Alternatively, the UK might follow a precedent set by its 2024 agreement with India, which increased collaboration in critical minerals, semiconductors, and emerging technologies to strengthen supply chains and research partnerships.

Speaking at a joint press conference following White House talks, Starmer emphasised the importance of embracing emerging technologies rather than over-regulating them.

“Look, our two nations together shaped the great technological innovations of the last century. We have a chance now to do the same for the 21st century. I mean, artificial intelligence could cure cancer. That could be a moonshot for our age, and that’s how we’ll keep delivering for our people,” he said.

It comes as Trump’s administration committed to advancing U.S. leadership in AI, with a focus on deregulation, substantial infrastructure investments, and the development of unbiased AI systems.

Strategic Partnerships

UK government officials have underlined the significance of a trade pact with the United States.

A House of Lords debate on Tuesday saw peers suggest that Britain should leverage post-Brexit regulatory flexibility to attract investment in high-tech industries.

Given the regulatory differences between the United States and the EU, they questioned whether closer alignment with the EU could slow progress towards a comprehensive U.S. trade agreement.

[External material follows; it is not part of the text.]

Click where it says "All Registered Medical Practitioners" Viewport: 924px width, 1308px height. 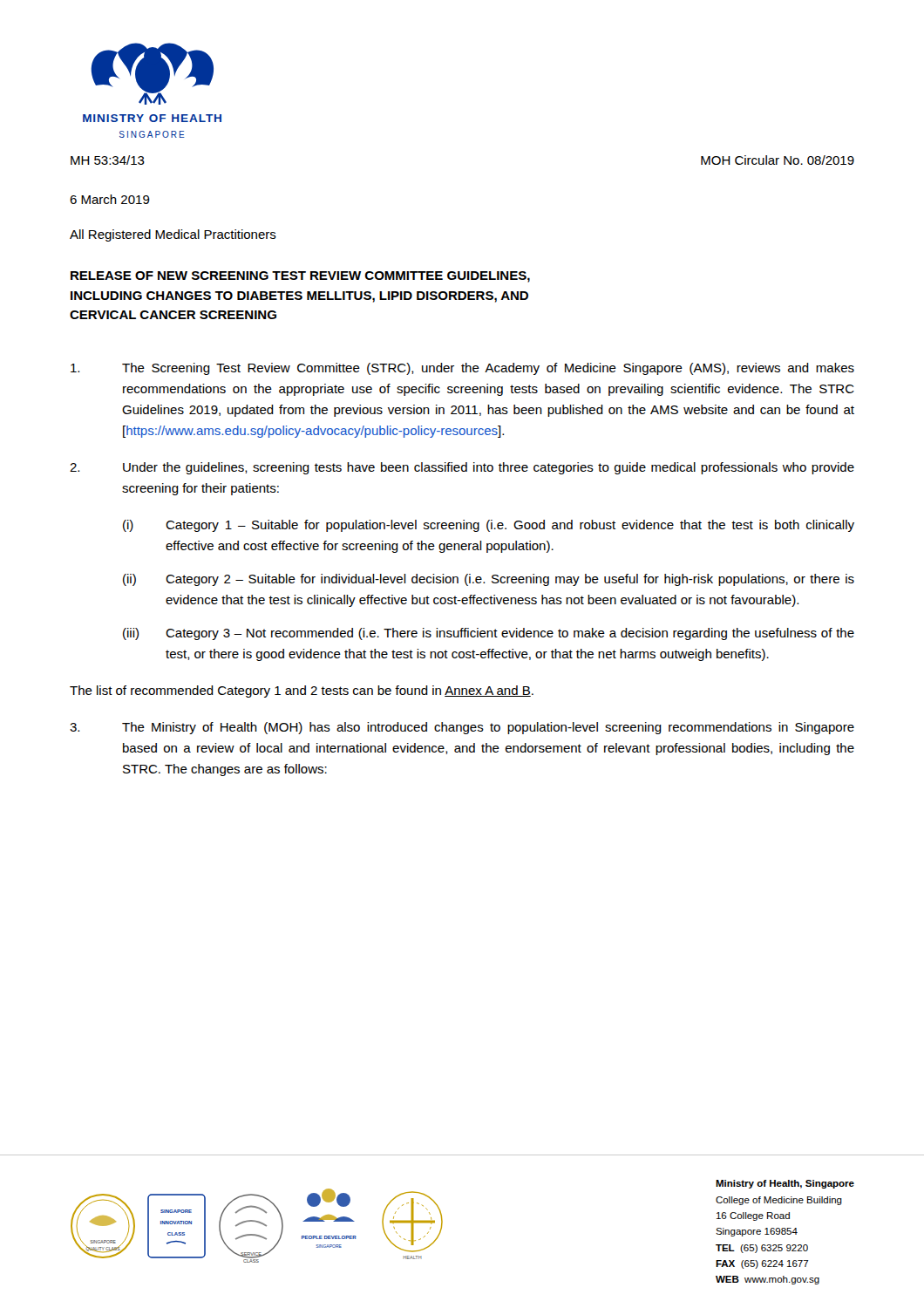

In response, online safety minister Maggie Jones said the UK seeks to maintain balanced trade relationships with both the United States and the EU, while prioritising national economic interests.

The British Chamber of Commerce (BCC) has stressed the benefits of a U.S. deal, adding it would “give businesses on both sides of the Atlantic a solid foundation to invest, export, and grow.”

However, the BCC added that stronger U.S. trade ties should not come at the expense of other key markets.

“There is £700 billion of US investment in the UK, and £300 billion in annual bilateral trade, with services a real success story,” the BCC said in a statement.

“But stronger trade with the US does not mean that our relationships with the EU, China and wider Asia-Pacific region must take a backseat. Indeed, the remarks by both leaders suggest UK business is right to have this ambition.”

According to Capital Economics, a trade deal with the United States could prompt the EU to “give the UK the cold shoulder” in the reset of UK–EU relations,  as the bloc faces potential 25 percent tariffs from the United States.

However, the report also noted the UK’s growing role in Europe’s defence strategy.

“Equally, though, with the UK having clearly become more central to the EU’s defence plans as the chances of an end to the war in Ukraine have increased, the EU may view the UK as a closer partner and perhaps a link between the EU and the US. That could lead to a more favourable UK-EU reset in areas outside of defence and security,” the report said.